> [What to do]: Figure out the number of lines in the entries that hold the string "circuit", then give that number and nothing else.

⟨

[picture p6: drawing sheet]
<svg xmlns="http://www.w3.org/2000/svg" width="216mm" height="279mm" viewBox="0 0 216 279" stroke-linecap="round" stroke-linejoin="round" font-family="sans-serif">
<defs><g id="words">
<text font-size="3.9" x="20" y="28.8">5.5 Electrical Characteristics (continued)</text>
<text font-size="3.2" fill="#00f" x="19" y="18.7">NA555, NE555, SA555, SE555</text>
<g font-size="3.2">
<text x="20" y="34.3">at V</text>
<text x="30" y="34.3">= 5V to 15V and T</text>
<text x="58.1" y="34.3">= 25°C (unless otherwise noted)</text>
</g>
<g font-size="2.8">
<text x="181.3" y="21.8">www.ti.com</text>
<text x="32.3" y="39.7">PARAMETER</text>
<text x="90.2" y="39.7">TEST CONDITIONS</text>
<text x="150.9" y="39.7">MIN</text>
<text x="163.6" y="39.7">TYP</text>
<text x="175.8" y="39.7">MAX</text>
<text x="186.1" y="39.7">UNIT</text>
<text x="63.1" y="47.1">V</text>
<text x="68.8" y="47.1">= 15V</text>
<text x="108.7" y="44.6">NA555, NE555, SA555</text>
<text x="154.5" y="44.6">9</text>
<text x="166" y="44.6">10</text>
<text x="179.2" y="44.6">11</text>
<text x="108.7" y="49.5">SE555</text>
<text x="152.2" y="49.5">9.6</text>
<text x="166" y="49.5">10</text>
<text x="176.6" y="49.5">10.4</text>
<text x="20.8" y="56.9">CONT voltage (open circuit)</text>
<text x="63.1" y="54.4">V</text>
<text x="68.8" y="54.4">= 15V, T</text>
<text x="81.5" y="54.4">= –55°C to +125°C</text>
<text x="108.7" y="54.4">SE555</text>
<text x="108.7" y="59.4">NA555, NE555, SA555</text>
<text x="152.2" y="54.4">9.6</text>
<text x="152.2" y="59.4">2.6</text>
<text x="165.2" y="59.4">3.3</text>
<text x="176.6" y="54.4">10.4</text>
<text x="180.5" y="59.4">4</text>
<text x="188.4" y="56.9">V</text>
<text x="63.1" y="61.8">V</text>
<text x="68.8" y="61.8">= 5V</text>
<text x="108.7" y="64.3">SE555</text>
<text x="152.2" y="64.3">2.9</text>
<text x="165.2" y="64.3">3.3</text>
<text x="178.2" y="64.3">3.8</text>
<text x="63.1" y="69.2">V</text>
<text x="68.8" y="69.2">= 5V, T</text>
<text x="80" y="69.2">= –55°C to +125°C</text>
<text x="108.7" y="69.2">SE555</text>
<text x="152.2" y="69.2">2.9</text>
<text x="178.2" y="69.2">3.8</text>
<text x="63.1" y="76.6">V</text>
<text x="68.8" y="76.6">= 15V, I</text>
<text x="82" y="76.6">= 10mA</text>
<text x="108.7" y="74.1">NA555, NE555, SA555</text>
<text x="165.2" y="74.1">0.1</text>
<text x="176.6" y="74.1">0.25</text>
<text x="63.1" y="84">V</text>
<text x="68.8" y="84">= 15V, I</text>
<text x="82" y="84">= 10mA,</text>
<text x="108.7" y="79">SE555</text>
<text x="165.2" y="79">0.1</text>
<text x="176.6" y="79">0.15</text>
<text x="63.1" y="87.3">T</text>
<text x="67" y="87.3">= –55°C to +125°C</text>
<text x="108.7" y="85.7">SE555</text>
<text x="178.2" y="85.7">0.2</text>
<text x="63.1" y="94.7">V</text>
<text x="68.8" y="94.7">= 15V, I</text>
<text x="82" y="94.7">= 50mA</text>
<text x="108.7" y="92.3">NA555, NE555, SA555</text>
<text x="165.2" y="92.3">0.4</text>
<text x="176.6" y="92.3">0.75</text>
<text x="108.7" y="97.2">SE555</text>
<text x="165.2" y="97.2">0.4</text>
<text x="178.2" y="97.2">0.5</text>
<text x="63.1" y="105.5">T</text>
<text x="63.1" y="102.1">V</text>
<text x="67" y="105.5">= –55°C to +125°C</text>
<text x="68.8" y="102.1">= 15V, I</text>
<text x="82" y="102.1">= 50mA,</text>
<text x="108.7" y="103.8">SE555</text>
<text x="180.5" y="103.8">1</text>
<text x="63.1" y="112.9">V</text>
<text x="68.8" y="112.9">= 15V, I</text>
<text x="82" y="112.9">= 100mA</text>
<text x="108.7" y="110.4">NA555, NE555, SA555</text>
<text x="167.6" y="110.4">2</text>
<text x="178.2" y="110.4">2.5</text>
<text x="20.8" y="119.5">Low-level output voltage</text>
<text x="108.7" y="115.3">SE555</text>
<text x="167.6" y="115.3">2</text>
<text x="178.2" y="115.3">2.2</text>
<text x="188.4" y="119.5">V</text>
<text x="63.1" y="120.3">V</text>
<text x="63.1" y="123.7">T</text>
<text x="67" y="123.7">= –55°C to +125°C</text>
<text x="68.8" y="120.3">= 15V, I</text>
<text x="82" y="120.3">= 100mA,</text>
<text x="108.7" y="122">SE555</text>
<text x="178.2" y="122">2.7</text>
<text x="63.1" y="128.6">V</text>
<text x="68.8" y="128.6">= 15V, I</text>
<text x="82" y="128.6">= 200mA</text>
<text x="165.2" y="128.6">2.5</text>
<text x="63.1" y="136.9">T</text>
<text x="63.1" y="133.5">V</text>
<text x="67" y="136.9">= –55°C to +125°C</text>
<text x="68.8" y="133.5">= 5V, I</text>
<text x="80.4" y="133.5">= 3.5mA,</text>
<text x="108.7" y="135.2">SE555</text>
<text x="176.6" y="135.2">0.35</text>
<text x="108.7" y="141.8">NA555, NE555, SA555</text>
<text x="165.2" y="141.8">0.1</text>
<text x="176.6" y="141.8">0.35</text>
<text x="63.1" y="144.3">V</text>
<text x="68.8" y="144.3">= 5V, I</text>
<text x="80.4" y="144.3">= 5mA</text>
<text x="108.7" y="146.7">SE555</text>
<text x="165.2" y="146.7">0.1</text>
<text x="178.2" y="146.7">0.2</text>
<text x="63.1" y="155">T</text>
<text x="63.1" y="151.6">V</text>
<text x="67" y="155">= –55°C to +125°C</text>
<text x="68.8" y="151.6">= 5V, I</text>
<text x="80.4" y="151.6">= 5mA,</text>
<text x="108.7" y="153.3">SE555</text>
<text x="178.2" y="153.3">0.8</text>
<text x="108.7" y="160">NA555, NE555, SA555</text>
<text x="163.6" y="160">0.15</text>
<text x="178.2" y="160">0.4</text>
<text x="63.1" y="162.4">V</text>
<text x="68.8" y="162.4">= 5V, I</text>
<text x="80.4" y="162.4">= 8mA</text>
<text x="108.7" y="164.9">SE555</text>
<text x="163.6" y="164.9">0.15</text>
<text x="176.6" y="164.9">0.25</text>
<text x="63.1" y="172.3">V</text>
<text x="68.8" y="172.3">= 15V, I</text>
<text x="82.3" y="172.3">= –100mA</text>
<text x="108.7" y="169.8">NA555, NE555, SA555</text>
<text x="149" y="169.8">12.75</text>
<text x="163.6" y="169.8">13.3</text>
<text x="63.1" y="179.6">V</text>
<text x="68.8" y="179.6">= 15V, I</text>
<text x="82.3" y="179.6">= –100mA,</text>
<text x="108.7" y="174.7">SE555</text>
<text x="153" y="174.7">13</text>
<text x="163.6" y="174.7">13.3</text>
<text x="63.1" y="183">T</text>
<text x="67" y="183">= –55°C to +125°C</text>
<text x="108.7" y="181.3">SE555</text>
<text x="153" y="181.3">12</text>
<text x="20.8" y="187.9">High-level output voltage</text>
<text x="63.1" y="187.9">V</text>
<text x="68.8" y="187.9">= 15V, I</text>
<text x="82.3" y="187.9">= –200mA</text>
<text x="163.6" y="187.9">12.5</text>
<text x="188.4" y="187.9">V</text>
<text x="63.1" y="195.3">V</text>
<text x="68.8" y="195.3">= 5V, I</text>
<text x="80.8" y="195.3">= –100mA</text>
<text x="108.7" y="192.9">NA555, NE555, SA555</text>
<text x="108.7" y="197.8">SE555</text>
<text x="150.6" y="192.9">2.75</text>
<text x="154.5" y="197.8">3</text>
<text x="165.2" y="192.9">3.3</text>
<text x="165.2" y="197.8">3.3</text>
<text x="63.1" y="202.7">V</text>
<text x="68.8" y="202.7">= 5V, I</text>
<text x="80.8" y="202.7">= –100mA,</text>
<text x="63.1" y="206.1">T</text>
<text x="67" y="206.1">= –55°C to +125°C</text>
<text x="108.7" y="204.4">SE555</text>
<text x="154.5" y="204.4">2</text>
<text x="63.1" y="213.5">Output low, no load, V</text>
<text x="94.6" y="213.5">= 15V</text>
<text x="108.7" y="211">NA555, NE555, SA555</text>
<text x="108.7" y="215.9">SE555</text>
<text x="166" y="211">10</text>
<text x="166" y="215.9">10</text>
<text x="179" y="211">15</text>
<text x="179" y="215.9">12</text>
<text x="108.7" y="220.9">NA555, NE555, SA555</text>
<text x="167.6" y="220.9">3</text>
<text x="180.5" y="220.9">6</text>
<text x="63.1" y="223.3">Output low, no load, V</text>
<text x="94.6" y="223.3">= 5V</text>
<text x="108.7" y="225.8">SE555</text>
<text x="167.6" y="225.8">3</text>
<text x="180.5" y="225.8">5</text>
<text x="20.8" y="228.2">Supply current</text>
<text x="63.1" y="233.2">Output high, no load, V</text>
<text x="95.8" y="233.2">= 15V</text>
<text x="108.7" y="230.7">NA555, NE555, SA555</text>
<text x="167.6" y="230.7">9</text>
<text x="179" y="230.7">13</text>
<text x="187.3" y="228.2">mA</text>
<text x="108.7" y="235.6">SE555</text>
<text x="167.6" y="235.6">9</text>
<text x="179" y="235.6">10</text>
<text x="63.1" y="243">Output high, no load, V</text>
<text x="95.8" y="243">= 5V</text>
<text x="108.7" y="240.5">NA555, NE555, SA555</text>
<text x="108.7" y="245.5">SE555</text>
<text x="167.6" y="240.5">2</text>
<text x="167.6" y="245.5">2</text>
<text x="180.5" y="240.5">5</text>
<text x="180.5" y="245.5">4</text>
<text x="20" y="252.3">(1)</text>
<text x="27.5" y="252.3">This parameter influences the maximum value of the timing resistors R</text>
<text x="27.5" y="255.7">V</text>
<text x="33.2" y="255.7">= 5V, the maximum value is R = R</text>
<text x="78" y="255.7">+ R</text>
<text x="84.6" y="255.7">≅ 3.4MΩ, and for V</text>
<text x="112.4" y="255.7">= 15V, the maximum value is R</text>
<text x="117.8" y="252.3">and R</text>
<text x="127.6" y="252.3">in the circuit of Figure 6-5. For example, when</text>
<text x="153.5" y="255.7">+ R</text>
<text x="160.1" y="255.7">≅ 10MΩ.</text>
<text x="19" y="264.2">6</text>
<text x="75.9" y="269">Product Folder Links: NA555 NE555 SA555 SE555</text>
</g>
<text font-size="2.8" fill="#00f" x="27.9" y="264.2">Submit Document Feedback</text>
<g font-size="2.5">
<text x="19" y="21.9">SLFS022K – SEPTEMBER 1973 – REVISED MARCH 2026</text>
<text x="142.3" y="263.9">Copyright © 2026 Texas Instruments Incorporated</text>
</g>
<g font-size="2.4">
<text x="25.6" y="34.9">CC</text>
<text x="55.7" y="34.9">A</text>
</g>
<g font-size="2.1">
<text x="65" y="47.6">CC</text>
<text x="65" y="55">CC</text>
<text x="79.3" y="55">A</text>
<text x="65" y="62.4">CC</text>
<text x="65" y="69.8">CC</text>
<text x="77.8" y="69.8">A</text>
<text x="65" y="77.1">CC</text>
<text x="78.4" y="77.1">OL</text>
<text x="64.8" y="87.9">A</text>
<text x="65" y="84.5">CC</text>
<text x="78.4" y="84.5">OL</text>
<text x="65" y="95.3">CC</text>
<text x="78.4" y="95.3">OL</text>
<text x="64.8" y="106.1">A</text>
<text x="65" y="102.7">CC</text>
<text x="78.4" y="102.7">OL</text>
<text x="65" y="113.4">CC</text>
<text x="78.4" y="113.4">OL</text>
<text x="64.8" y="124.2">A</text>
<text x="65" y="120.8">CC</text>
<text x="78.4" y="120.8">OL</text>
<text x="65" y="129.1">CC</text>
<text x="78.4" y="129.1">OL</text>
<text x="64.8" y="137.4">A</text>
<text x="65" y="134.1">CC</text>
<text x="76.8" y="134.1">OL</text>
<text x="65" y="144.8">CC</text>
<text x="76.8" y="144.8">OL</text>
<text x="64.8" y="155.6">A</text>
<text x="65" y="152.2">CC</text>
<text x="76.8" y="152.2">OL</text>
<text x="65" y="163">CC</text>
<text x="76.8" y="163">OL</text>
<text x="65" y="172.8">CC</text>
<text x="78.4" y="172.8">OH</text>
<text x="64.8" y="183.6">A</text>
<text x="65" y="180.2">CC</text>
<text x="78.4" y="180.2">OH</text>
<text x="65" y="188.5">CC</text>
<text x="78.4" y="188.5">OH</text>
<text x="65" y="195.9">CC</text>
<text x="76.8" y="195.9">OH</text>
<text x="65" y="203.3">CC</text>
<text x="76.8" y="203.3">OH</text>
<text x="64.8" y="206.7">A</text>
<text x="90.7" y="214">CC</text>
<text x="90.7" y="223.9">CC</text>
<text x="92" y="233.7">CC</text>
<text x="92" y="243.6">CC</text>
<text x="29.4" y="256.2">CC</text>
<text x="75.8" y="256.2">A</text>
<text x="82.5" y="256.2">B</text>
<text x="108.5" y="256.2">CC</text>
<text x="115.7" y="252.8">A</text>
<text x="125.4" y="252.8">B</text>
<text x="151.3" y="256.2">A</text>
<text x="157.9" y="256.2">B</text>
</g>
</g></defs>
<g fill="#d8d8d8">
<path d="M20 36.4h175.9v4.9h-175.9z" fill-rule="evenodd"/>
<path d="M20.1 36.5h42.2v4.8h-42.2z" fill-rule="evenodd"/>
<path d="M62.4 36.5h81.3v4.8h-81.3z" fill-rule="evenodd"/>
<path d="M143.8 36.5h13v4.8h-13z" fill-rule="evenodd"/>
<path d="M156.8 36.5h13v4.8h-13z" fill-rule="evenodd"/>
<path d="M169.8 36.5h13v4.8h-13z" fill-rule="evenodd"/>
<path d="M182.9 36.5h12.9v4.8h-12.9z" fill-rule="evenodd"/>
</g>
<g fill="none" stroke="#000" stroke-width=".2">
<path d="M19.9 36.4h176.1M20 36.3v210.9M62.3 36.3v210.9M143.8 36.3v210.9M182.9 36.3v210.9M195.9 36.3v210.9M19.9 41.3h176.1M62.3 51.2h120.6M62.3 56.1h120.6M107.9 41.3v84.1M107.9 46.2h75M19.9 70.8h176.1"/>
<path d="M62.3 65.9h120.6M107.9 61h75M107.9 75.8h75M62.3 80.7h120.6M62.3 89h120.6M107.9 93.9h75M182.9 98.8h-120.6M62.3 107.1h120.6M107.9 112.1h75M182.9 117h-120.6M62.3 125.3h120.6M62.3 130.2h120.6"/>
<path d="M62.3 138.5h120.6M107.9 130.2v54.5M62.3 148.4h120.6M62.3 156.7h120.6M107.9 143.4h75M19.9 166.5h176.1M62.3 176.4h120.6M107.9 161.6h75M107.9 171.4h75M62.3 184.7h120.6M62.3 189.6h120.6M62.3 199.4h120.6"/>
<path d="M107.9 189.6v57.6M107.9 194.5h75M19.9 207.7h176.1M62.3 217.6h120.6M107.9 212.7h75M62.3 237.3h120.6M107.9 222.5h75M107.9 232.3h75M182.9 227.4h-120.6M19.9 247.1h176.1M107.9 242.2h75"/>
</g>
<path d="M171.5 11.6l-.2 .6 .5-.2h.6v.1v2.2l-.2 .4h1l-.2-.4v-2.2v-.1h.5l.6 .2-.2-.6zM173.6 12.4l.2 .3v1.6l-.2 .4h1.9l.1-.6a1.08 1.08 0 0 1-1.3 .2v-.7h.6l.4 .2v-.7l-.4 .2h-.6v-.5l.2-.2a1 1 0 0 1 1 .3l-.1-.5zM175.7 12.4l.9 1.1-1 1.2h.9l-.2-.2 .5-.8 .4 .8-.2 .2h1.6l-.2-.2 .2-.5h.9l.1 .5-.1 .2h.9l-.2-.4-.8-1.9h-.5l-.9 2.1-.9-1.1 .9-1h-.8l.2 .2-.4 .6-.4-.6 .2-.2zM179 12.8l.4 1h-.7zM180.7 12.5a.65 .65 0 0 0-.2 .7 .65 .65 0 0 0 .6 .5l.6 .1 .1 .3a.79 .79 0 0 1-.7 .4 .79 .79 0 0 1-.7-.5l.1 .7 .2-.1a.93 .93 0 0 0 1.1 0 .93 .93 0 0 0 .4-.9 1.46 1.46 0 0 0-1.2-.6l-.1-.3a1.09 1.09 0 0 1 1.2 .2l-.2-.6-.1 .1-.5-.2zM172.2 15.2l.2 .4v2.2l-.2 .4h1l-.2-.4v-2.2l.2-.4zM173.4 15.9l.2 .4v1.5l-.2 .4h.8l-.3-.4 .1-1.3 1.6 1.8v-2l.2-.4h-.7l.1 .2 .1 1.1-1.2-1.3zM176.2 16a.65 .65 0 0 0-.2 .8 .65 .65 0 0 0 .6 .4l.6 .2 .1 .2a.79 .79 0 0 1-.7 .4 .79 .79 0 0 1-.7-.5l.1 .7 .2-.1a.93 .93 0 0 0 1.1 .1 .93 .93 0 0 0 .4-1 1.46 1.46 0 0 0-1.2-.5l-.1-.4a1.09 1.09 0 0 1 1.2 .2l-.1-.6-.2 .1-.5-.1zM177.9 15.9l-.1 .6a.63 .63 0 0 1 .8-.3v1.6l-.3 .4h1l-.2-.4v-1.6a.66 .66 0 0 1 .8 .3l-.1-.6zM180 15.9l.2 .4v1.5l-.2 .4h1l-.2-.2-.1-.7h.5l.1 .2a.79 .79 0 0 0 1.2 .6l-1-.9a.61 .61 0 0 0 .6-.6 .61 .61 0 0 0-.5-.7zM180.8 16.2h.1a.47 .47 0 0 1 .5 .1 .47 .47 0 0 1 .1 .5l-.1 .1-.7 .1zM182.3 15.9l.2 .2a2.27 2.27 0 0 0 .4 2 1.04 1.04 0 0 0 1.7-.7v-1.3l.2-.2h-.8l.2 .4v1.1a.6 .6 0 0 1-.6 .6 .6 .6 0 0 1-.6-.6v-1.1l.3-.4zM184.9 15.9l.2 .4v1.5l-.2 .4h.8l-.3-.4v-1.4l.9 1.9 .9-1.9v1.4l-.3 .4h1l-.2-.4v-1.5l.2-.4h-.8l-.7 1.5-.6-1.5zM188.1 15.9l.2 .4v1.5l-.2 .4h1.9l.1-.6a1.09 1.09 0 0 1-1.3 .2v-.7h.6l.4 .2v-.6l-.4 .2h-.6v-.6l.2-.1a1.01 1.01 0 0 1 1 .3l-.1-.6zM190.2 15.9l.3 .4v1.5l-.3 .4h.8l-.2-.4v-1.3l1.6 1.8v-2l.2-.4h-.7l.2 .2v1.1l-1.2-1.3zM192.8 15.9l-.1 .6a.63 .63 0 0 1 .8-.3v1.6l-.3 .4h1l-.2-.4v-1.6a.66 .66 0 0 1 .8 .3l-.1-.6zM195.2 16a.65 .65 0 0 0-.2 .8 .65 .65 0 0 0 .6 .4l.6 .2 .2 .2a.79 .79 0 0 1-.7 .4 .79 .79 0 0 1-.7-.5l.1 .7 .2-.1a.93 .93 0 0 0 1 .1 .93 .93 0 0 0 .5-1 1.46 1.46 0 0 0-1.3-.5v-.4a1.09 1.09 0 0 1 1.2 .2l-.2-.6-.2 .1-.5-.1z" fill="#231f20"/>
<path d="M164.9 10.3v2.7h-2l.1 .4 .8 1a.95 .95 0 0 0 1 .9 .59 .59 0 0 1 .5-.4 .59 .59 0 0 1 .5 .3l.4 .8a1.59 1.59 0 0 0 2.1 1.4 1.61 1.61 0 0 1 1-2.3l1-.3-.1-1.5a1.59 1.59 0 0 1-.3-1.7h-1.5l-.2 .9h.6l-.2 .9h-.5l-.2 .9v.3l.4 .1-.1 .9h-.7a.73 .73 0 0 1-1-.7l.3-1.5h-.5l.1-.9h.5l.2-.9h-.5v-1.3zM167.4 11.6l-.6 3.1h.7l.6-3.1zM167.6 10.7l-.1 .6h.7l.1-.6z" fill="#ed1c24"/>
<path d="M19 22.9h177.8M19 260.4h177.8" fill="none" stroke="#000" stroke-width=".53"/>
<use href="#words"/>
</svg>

⟩

> [Answer to this exercise]: 2